What the Body Remembers is a very feminist book if you define feminism as the radical notion that a woman is a person--it depends on how accustomed you are to women having rights as people, including the right to own their own body. It comments on woman to woman power relations, surrogate motherhood, and the two strains of feminism, strident and persuasive, that we have in operation today. Nevertheless, the men in this novel are also trapped in their gender, religions, times and cultures too--as we all are in every time and culture; there is nothing new in the universe.

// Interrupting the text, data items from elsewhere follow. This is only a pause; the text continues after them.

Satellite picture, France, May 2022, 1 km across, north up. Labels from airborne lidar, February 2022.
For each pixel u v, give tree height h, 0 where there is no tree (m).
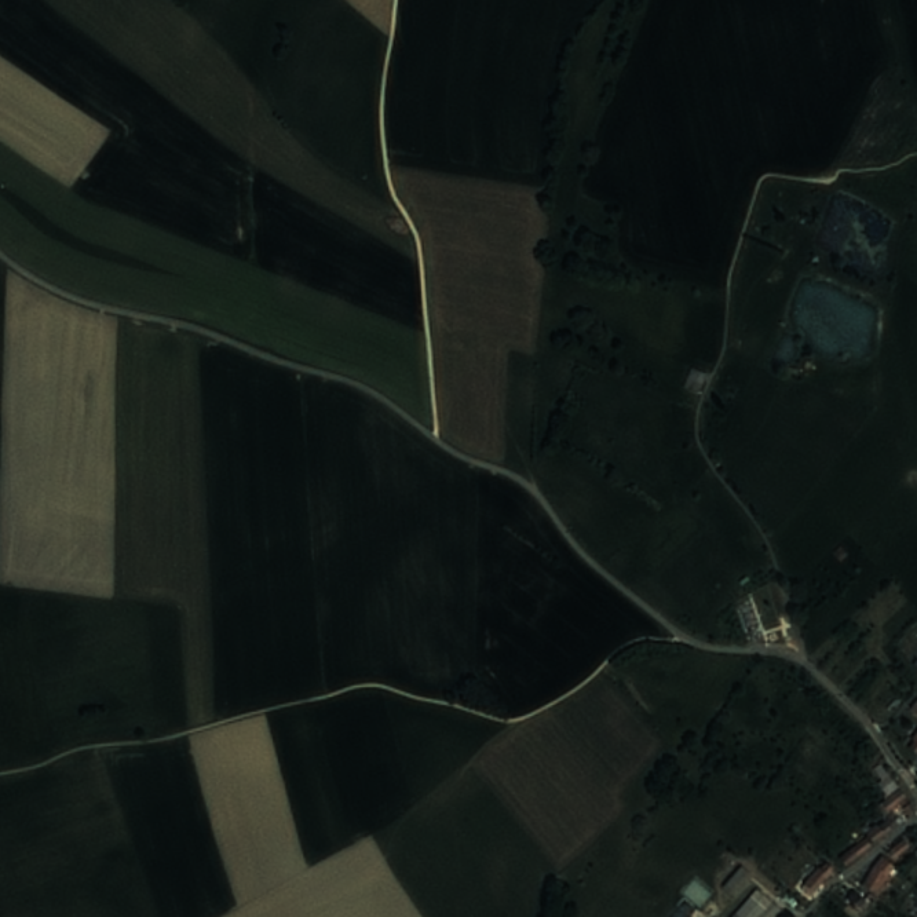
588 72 0
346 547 0
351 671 0
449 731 0
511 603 0
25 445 0
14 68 0
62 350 0
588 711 0
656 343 0
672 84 0
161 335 0
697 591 0
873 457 0
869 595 0
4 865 0
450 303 0
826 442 0
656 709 0
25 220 0
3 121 0
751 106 0
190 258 0
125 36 0
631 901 0
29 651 0
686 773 6
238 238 0
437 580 0
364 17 0
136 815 0
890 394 0
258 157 0
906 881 0
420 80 0
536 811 0
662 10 0
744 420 0
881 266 0
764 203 0
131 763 0
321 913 0
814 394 0
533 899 0
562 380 0
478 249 0
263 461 0
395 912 0
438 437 0
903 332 0
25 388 0
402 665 0
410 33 0
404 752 0
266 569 0
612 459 0
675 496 0
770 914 0
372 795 0
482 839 0
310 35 0
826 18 0
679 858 0
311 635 0
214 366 0
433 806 0
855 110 0
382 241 0
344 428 0
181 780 0
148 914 0
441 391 0
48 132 0
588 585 0
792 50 0
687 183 0
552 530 0
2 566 0
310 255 0
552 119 14
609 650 0
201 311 0
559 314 0
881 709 0
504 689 0
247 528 0
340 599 0
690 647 8
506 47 0
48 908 0
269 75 0
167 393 0
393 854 0
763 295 0
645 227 0
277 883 0
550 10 0
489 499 0
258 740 0
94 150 0
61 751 0
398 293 0
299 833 0
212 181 0
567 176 0
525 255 0
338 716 0
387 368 0
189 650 0
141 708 0
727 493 0
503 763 0
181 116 0
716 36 0
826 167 0
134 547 0
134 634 0
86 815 0
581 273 18
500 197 0
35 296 0
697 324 0
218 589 0
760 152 0
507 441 0
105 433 0
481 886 0
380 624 0
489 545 0
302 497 0
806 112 0
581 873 0
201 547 0
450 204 0
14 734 0
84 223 0
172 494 0
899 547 0
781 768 8
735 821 0
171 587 0
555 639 0
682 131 0
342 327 0
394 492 0
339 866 0
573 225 12
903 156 0
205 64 0
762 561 0
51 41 0
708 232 0
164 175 0
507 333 0
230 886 0
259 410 0
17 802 0
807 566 0
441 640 0
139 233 0
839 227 0
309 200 0
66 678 0
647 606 0
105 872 0
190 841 0
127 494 0
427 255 0
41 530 0
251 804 0
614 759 0
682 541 0
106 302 0
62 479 0
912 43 0
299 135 0
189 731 0
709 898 0
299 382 0
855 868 0
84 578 0
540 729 0
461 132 0
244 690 0
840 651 0
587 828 0
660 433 0
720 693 0
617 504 0
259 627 0
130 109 0
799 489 0
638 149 0
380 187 0
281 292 0
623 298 0
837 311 0
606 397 0
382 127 0
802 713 0
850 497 0
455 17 0
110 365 0
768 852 0
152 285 0

This novel has no glossary or italics for Indian words, because I feel these break the spell of the story. And this book is not an attempt to explain Indian culture. Indian culture just IS in this book--and it is for the rest of the world to figure it out and enjoy it. But to write outside the system of Judeo-Christian symbols is to go to places where English is insufficient. Even science fiction goes back to Greek and Roman myths for its symbolism, so for example, sun is male and moon is female--but in Indian symbolism, sun is male, sunlight is female, moon is male, moonlight is female. For Indian characters, I needed to use Indian metaphors and Indian symbols.

Sometimes I'm asked, "How would you like a reader to approach your writing?" I'd like readers to approach this book knowing it's not a book written solely for a white, middle-class audience. It is a book written for a hybrid, global audience--in short, for all of us who can read. May you feel my characters feelings and times as deeply as I did in bringing it to you.